*** Dataset records ***

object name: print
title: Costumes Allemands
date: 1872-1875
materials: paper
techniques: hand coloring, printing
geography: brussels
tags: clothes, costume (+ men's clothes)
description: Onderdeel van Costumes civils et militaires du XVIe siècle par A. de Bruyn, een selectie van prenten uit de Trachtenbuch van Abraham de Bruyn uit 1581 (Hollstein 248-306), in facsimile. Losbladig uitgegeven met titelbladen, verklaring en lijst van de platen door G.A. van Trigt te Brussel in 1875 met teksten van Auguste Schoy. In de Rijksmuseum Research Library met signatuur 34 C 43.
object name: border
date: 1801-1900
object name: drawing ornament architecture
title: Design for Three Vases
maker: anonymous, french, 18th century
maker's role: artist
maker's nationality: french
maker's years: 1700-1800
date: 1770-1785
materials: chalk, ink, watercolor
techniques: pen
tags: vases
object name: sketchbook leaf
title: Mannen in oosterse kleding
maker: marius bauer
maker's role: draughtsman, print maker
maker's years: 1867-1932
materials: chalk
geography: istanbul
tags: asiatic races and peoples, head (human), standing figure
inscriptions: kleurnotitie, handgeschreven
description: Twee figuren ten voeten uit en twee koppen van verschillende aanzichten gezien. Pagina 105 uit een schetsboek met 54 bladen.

*** End of Dataset records ***

◆ Description of the task:
Copy each line above holding "name".

◆ Task output:
object name: print
object name: border
object name: drawing ornament architecture
object name: sketchbook leaf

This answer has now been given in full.